Devotion


Great Aunt Rose hid her husband in a secret room under the stairs during the War. She outwitted the Nazis with the Dutch Resistance, lost many friends, but saved her husband's life. After liberation, he repaid this devotion by having an affair with her best friend Mimi while Rose was in England recovering from the car crash that crippled her. He had been driving the sports car. Divorced, childless, but young and still beautiful she came home. Studio photos of her at the time show a handspan waist, elegant Dior dresses and a luminous blonde beauty as lovely as any black and white movie star. Her open house was always full of friends, warmth and laughter. Rose was not only beautiful, but the kindest person I have ever met. She was the first person to ring and congratulate me when I had my first stories published. I remember sitting on the kitchen doorstep on a sunny London evening listening as she told me the story of Jack and Mimi, and how Rose had always wanted to write, but hadn't. It was thanks to an inheritance from her that I had help with the children last summer, (the nanny who painted the kids and dog blue). Thanks to her, 'Love & Loss' was written.

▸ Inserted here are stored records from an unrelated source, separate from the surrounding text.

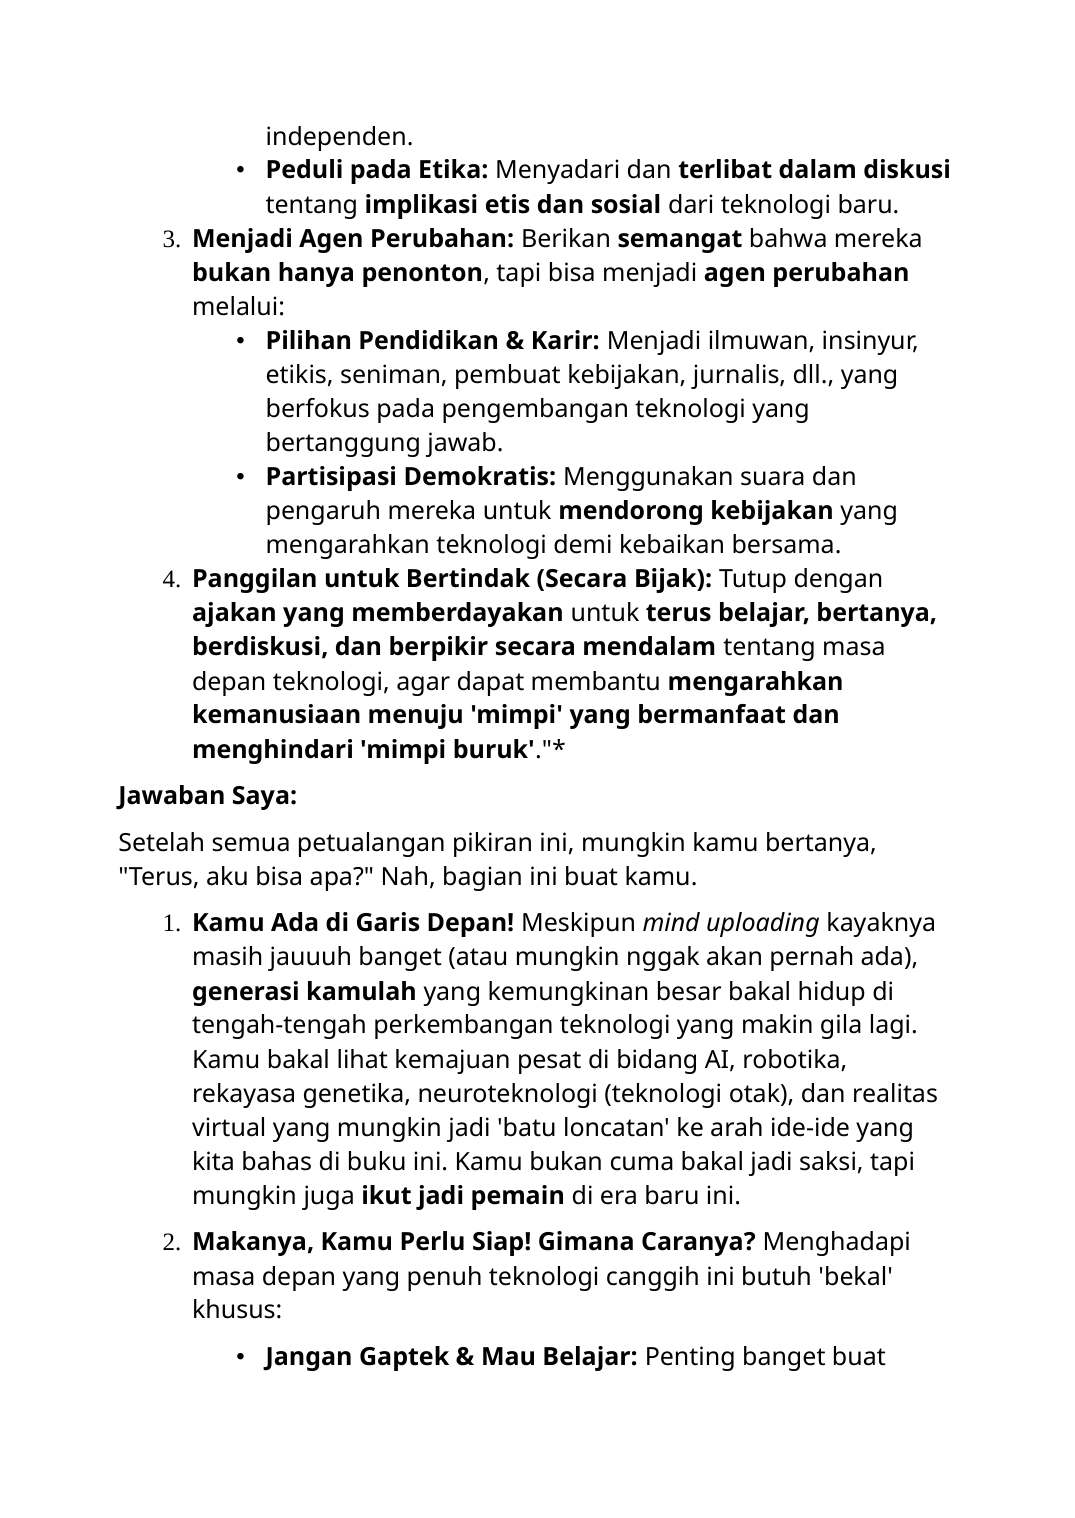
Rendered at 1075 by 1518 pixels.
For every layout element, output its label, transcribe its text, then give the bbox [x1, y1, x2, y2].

list Makanya, Kamu Perlu Siap! Gimana Caranya? Menghadapi masa depan yang penuh teknologi canggih ini butuh 'bekal' khusus: [162, 1224, 957, 1326]
list Partisipasi Demokratis: Menggunakan suara dan pengaruh mereka untuk mendorong kebijakan yang mengarahkan teknologi demi kebaikan bersama. [236, 459, 957, 561]
list independen. [236, 118, 957, 152]
text Setelah semua petualangan pikiran ini, mungkin kamu bertanya, "Terus, aku bisa apa?" Nah, bagian ini buat kamu. [118, 824, 957, 892]
list Jangan Gaptek & Mau Belajar: Penting banget buat [236, 1339, 957, 1373]
list Panggilan untuk Bertindak (Secara Bijak): Tutup dengan ajakan yang memberdayakan untuk terus belajar, bertanya, berdiskusi, dan berpikir secara mendalam tentang masa depan teknologi, agar dapat membantu mengarahkan kemanusiaan menuju 'mimpi' yang bermanfaat dan menghindari 'mimpi buruk'."* [162, 561, 957, 765]
list Menjadi Agen Perubahan: Berikan semangat bahwa mereka bukan hanya penonton, tapi bisa menjadi agen perubahan melalui: [162, 220, 957, 322]
text Jawaban Saya: [118, 778, 957, 812]
list Pilihan Pendidikan & Karir: Menjadi ilmuwan, insinyur, etikis, seniman, pembuat kebijakan, jurnalis, dll., yang berfokus pada pengembangan teknologi yang bertanggung jawab. [236, 322, 957, 459]
list Peduli pada Etika: Menyadari dan terlibat dalam diskusi tentang implikasi etis dan sosial dari teknologi baru. [236, 152, 957, 220]
list Kamu Ada di Garis Depan! Meskipun mind uploading kayaknya masih jauuuh banget (atau mungkin nggak akan pernah ada), generasi kamulah yang kemungkinan besar bakal hidup di tengah-tengah perkembangan teknologi yang makin gila lagi. Kamu bakal lihat kemajuan pesat di bidang AI, robotika, rekayasa genetika, neuroteknologi (teknologi otak), dan realitas virtual yang mungkin jadi 'batu loncatan' ke arah ide-ide yang kita bahas di buku ini. Kamu bukan cuma bakal jadi saksi, tapi mungkin juga ikut jadi pemain di era baru ini. [162, 905, 957, 1212]
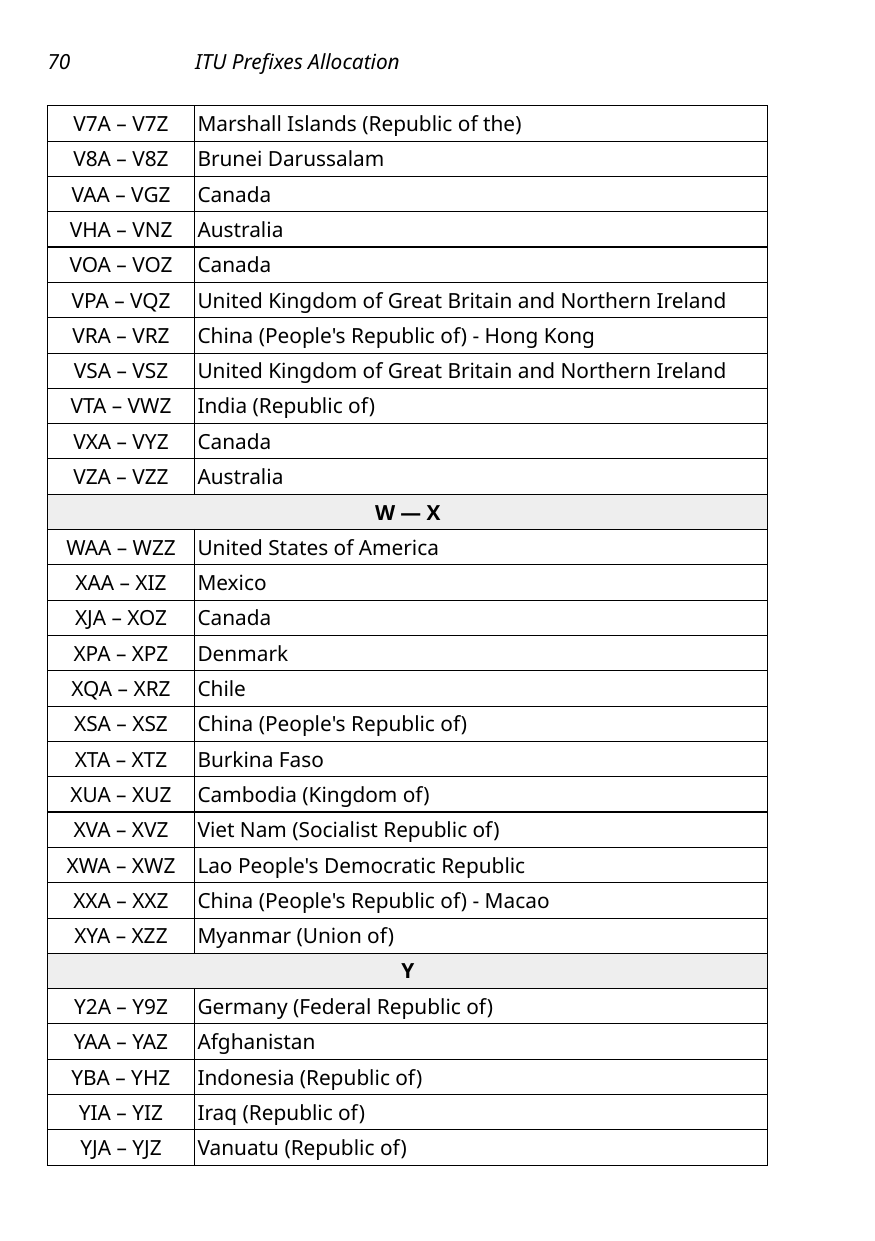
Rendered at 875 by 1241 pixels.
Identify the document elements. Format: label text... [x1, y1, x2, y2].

table_cell Chile [195, 671, 767, 706]
table_cell XXA – XXZ [48, 883, 194, 917]
table_cell VHA – VNZ [48, 212, 194, 246]
table_cell Viet Nam (Socialist Republic of) [195, 813, 767, 847]
table_cell VRA – VRZ [48, 318, 194, 352]
table_cell Germany (Federal Republic of) [195, 989, 767, 1023]
table_cell VXA – VYZ [48, 424, 194, 458]
table_cell YBA – YHZ [48, 1060, 194, 1094]
table_cell V8A – V8Z [48, 142, 194, 176]
table_cell Brunei Darussalam [195, 142, 767, 176]
table_cell V7A – V7Z [48, 106, 194, 141]
table_cell Cambodia (Kingdom of) [195, 777, 767, 811]
table_cell XSA – XSZ [48, 707, 194, 741]
table_cell VZA – VZZ [48, 459, 194, 494]
table_cell XJA – XOZ [48, 601, 194, 635]
table_cell XPA – XPZ [48, 636, 194, 670]
table_cell Burkina Faso [195, 742, 767, 776]
table_cell VSA – VSZ [48, 354, 194, 388]
table_cell Myanmar (Union of) [195, 919, 767, 953]
table_cell Afghanistan [195, 1024, 767, 1059]
table_cell Canada [195, 424, 767, 458]
table_cell Iraq (Republic of) [195, 1095, 767, 1129]
table_cell China (People's Republic of) - Hong Kong [195, 318, 767, 352]
table_cell Y [48, 954, 767, 988]
table_cell VPA – VQZ [48, 283, 194, 317]
table_cell YIA – YIZ [48, 1095, 194, 1129]
table_cell United States of America [195, 530, 767, 564]
table_cell Australia [195, 459, 767, 494]
table_cell Vanuatu (Republic of) [195, 1130, 767, 1164]
table_cell VAA – VGZ [48, 177, 194, 211]
table_cell China (People's Republic of) [195, 707, 767, 741]
table_cell XUA – XUZ [48, 777, 194, 811]
table_cell Denmark [195, 636, 767, 670]
table_cell XWA – XWZ [48, 848, 194, 882]
table_cell Australia [195, 212, 767, 246]
table_cell XYA – XZZ [48, 919, 194, 953]
table_cell YAA – YAZ [48, 1024, 194, 1059]
table_cell Mexico [195, 565, 767, 599]
table_cell VOA – VOZ [48, 248, 194, 282]
table_cell Canada [195, 248, 767, 282]
table_cell Lao People's Democratic Republic [195, 848, 767, 882]
table_cell XTA – XTZ [48, 742, 194, 776]
table_cell XAA – XIZ [48, 565, 194, 599]
table_cell VTA – VWZ [48, 389, 194, 423]
table_cell XVA – XVZ [48, 813, 194, 847]
table_cell India (Republic of) [195, 389, 767, 423]
table_cell YJA – YJZ [48, 1130, 194, 1164]
table_cell Canada [195, 601, 767, 635]
table_cell W — X [48, 495, 767, 529]
table_cell Marshall Islands (Republic of the) [195, 106, 767, 141]
table_cell United Kingdom of Great Britain and Northern Ireland [195, 354, 767, 388]
table_cell XQA – XRZ [48, 671, 194, 706]
table_cell Indonesia (Republic of) [195, 1060, 767, 1094]
table_cell United Kingdom of Great Britain and Northern Ireland [195, 283, 767, 317]
table_cell Canada [195, 177, 767, 211]
table_cell Y2A – Y9Z [48, 989, 194, 1023]
table_cell China (People's Republic of) - Macao [195, 883, 767, 917]
table_cell WAA – WZZ [48, 530, 194, 564]

Does everyone really have a novel in them? Rose's life story is as moving as any wartime blockbuster, but I've often wondered why she didn't write it down. What makes a writer write? It is after all a solitary business. For me, at least, writing is something as natural as breathing - I am the bespectacled kid who wrote plays for her dolls, love letters for friends to send their boyfriends, and volumes of diaries (burnt in a spur of the moment romantic gesture the night before I got married. May regret that one when I reach the purple kaftan stage). I adore books ... as we have travelled I have willingly offloaded clothes, furniture, all possessions, but the books have come with us. I love everything about the physical process of writing - paper, pens, can spend hours in stationery stores. I have to write - it's that simple. Call it love, obsession, call it devotion.